FAIB Manifest Parquet Workflow

Nemora emits FAIB manifest summaries as both CSV and Parquet by default. Parquet provides columnar storage and faster downstream analytics—recommended for notebook or Spark pipelines. Pass --no-parquet if you only need CSV outputs.

CLI examples

  • Fetch PSP extracts, auto-select BAFs, and generate manifests/stats:

    nemora faib-manifest data/external/faib/manifest_psp --auto-bafs --auto-count 3

  • Reuse cached downloads, limit rows, and emit Parquet alongside CSV (default):

    nemora faib-manifest examples/faib_manifest --source tests/fixtures/faib --no-fetch --baf 12 --max-rows 200

  • Produce CSV only when downstream tooling cannot read Parquet:

    nemora faib-manifest examples/faib_manifest --source tests/fixtures/faib --no-fetch --baf 12 --max-rows 200 --no-parquet

Loading the Parquet manifest

import pandas as pd

manifest = pd.read_parquet("examples/faib_manifest/faib_manifest.parquet")
print(manifest.head())

The Parquet file mirrors the CSV schema (dataset, baf, rows, path, truncated). Use --no-parquet if you need to skip the columnar output or keep storage requirements minimal.
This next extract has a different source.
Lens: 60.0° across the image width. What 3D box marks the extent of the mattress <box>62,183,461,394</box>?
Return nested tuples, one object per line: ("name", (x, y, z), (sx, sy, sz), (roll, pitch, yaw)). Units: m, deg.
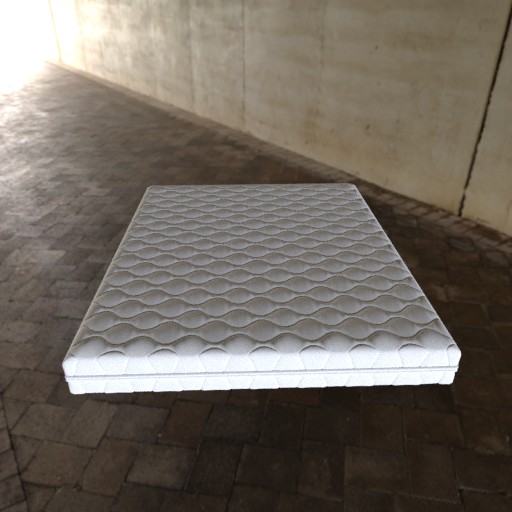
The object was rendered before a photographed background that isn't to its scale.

Feed manifest entries into sampling workflows

Once a manifest exists you can select an individual stand table, fit a distribution, and draw samples while tuning the numeric integration settings:

from pathlib import Path

import numpy as np
import pandas as pd

from nemora.core import InventorySpec
from nemora.fit import fit_inventory
from nemora.sampling import SamplingConfig, sample_distribution

manifest = pd.read_parquet("examples/faib_manifest/faib_manifest.parquet")
stand_csv = Path(manifest.loc[0, "path"])  # CSV path captured in the manifest
stand_table = pd.read_csv(stand_csv)

bins = stand_table["dbh_cm"].to_numpy()
tallies = stand_table["tally"].to_numpy(dtype=float)
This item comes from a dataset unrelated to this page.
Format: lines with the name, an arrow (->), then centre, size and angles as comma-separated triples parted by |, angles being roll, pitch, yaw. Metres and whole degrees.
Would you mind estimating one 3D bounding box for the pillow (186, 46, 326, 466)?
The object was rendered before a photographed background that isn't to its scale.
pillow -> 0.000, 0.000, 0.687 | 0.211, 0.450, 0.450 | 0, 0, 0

inventory = InventorySpec(
    name=stand_csv.stem,
    sampling="hps",
    bins=bins,
    tallies=tallies,
    metadata={"grouped": True},
)

fit = fit_inventory(inventory, ["weibull"], configs={})[0]
config = SamplingConfig(
    grid_points=4096,
    support_multiplier=12.0,
    integration_method="quad",
    quad_abs_tol=1e-9,
    quad_rel_tol=1e-8,
    cache_numeric_cdf=True,
)

draws = sample_distribution(
    fit.distribution,
    fit.parameters,
    size=500,
    random_state=123,
    config=config,
)
print(draws[:5])

This script loads the Parquet manifest, pinpoints the original stand-table CSV, fits a Weibull distribution, and samples DBH draws using a high-resolution CDF grid. Adjust SamplingConfig to benchmark how different grid densities or integration methods affect accuracy/performance, and swap in nemora.sampling.bootstrap_inventory when you need the richer metadata tracked by BootstrapResult.
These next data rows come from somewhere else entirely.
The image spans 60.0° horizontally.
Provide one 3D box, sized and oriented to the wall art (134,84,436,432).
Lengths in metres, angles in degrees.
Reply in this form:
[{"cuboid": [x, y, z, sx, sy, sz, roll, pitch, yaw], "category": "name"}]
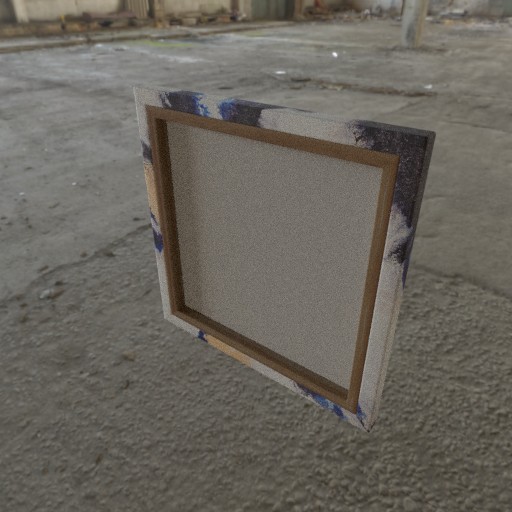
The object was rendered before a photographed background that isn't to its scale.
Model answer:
[{"cuboid": [0.000, 0.000, 0.921, 0.609, 0.609, 0.039, 21, 37, 31], "category": "wall art"}]
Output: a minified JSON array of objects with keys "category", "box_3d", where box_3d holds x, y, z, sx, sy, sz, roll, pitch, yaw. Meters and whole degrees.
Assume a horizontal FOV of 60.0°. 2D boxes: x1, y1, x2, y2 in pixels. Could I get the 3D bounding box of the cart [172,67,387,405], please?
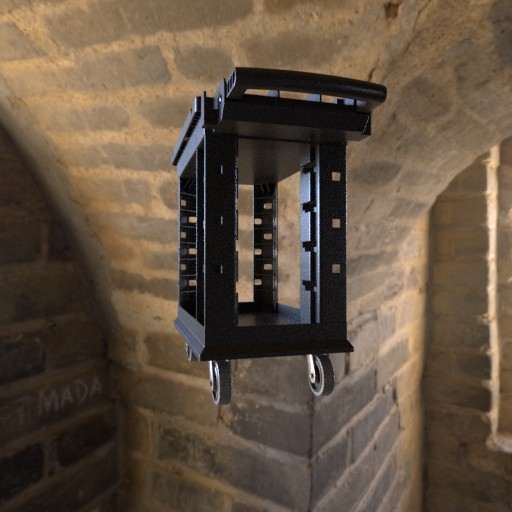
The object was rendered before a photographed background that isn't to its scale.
[{"category":"cart","box_3d":[0.000,0.000,1.542,0.497,0.884,1.061,0,-1,-16]}]

Export bootstrap DBH vectors

After calling bootstrap_inventory(..., return_result=True) you can convert the result into per-resample DBH vectors (plus an optional long-form table) using nemora.sampling.bootstrap_dbh_vectors. The Typer CLI wraps this workflow so you can export JSON + Parquet artifacts without writing code:

nemora sampling-export-bootstrap-dbh "$(python - <<'PY'
import pandas as pd
manifest = pd.read_parquet('examples/faib_manifest/faib_manifest.parquet')
print(manifest.loc[0, 'path'])
PY
)" \
  --stand-id faib-demo-001 \
  --output examples/faib_manifest/faib_demo_dbh.json \
  --table-output examples/faib_manifest/faib_demo_dbh.parquet \
  --resamples 3 \
  --sample-size 25

The JSON file captures metadata (distribution, fitted parameters, bins/tallies, RNG seed) alongside per-resample DBH arrays, while the Parquet export stores every (resample, bin, dbh) row plus tally-derived weights. Feed either artifact directly into upcoming synthesis/simulation tooling or archive them with your sampling experiment logs.